For our first Radio Preservation Project guest post, I’m pleased to share this update from Radio Preservation Task Force Director/Convener Christopher Sterling and Research Director Josh Shepperd. – Jennifer Waits, Radio Survivor Co-Founder and College Radio & Culture Editor
Post by Christopher Sterling and Josh Shepperd
Growing out of the National Recording Preservation Plan (NRPP) of the National Recording Preservation Board (NRPB), the Radio Preservation Task Force (RPTF) is the Library of Congress’s first national radio history project.
The Radio Preservation Task Force (@radiotaskforce) was mandated by NRPB Chair Sam Brylawski in early 2014, and is directed by eminent broadcast historian and NRPB member Christopher Sterling, Associate Dean at George Washington University. Comprised of 100 media history faculty and the staff at the Library of American Broadcasting at the University of Maryland-College Park, the RPTF is currently aggregating participation from Affiliate Archives and assessing their collections. Radio shows that aired between 1925 and 1975 have been preserved in the form of “program transcriptions” – most often reel-to-reels or broadcasts pressed to vinyl. Thanks to previous work by the LoC, media libraries, and “Old Time Radio” (OTR) preservationists, the golden age of commercial radio is well represented at digital archives. The RPTF continues this work in application to local, regional, noncommercial, and under represented movements in broadcasting history.
Over the course of 2015 the RPTF will begin to analyze processed and unprocessed collections to create a national finding aid. Surveying the landscape of extant radio materials will require the application of metadata analytics to sound history, as well as the development of research caucuses comprised of faculty specialists and state university archivists. This work will culminate in an autumn radio history conference at the Library of Congress.

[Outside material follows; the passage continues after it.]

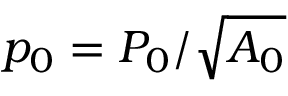<formula> <loc_0><loc_0><loc_500><loc_500>p _ { 0 } = P _ { 0 } / \sqrt { A _ { 0 } }</formula> 
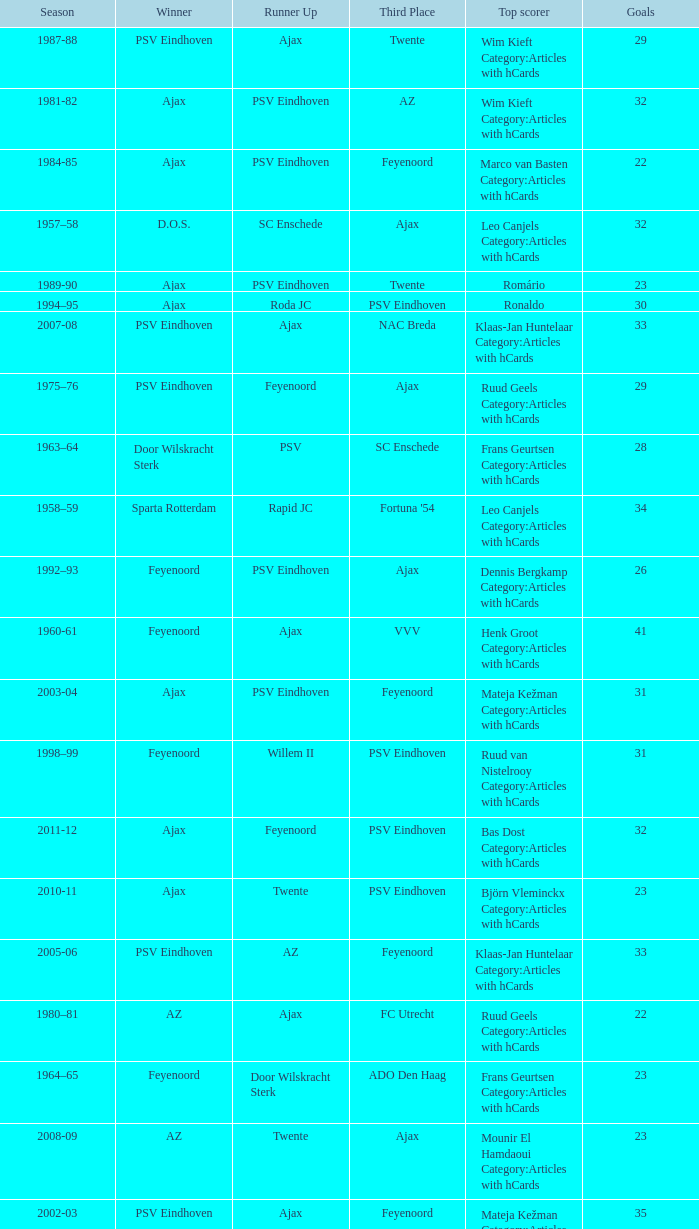When nac breda came in third place and psv eindhoven was the winner who is the top scorer? Klaas-Jan Huntelaar Category:Articles with hCards. 
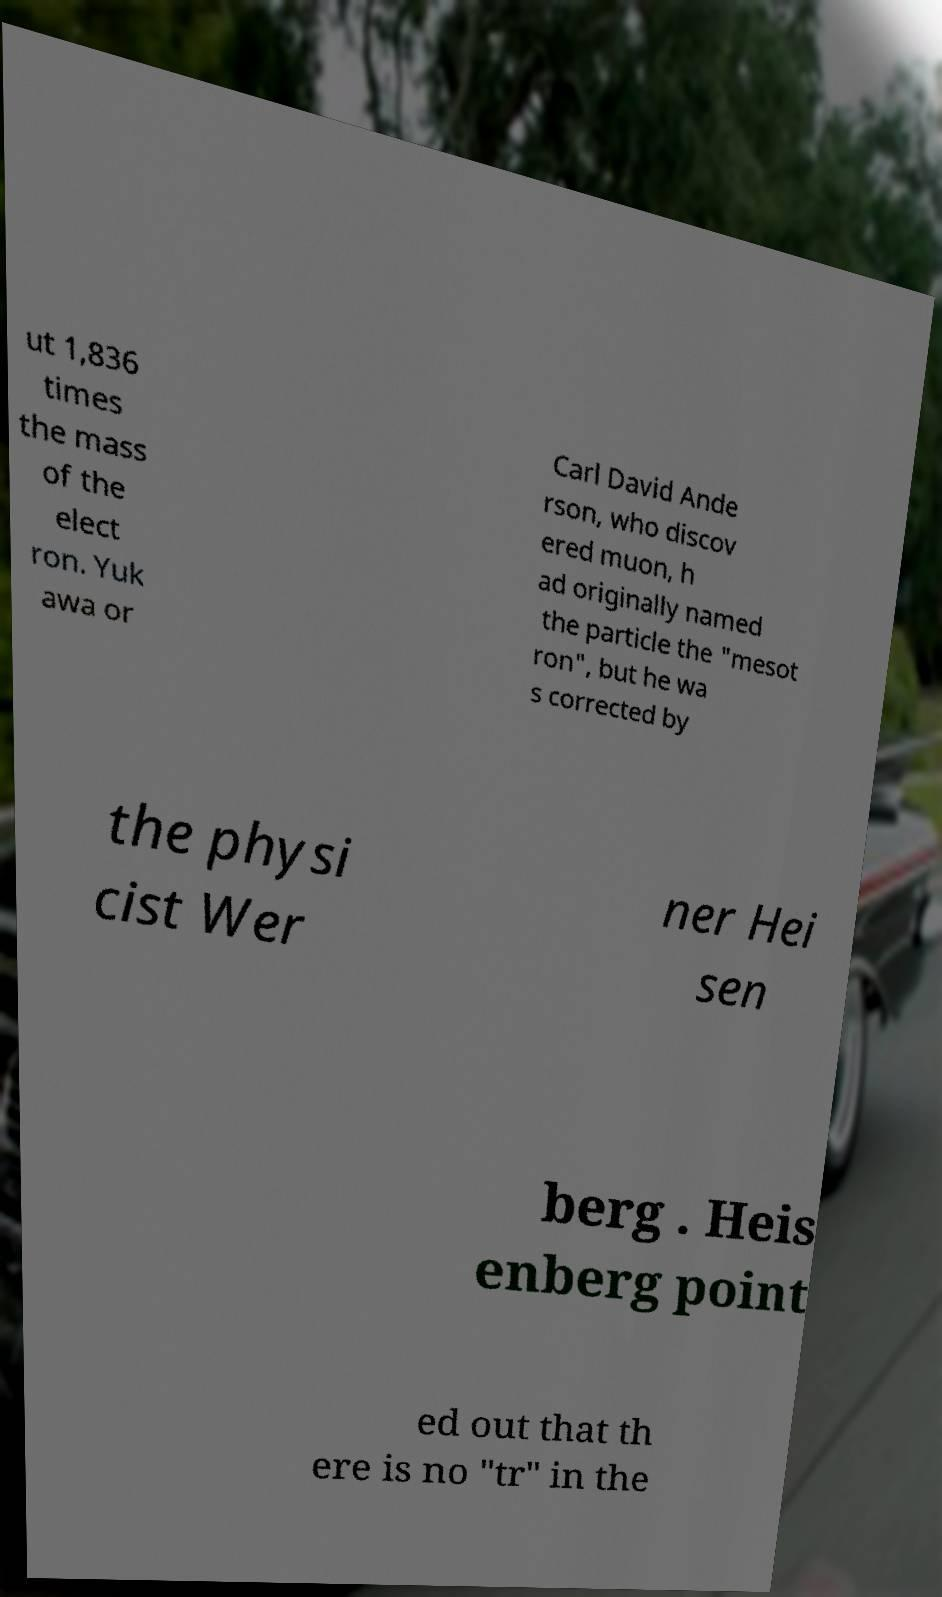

As we move closer to the conference, the RPTF will be airing features and series with our growing contingent of Online Partners beginning in November. Antenna will be running an ongoing series in which RPTF participants, graduate researchers, and radio practitioners will discuss historical and contemporary issues in radio studies. Over January and February Sounding Out! will air a short series on endangered radio collections, and In Media Res will run a week-long feature on radio archives. Next May, FlowTV will publish a special issue on historiographical and cultural questions facing radio researchers. Radio Survivor, a blog renowned for its ties to college radio, will post continued updates about the project. And we are delighted to name two preservation pioneers – Orphan Film Symposium and Ubuweb – as new partners.
Perpetually declared to be a dying medium, radio has continued to attract dedicated listeners and receive commercial and public support. We argue that the study of radio history is also a chronicle of cultural history in the United States. Radio historians have written about radio’s role during the progressive era, wartime propaganda, the origins of reception research, the struggle over the public sphere, program innovations in genre and journalism, and cultural tensions over gender and identity, among numerous other topics.
Yet so much of the cultural history of mass media remains inexplicably untapped, perhaps due to problems with availability and accessibility. Radio’s characteristic “liveness” has made it an integral tool for 20th century social movements, community building, civil rights, and local politics. Community and college programs have disseminated perspective, performance, and provided a medium for aesthetic experimentation. Educational and public stations have long aired (and hence preserved with their transcriptions) documentary evidence of national, regional, and local interviews, debates, curricula, and perspectives. Historical questions regarding the role of “old media” in social advocacy, cultural conflict, race, orientation, class, labor, and political uses of technology, are in many cases lying in wait to receive their first historical exegeses by media scholars. We hope that making radio materials widely accessible will help to encourage further interdisciplinary discourse about technology’s role in American history.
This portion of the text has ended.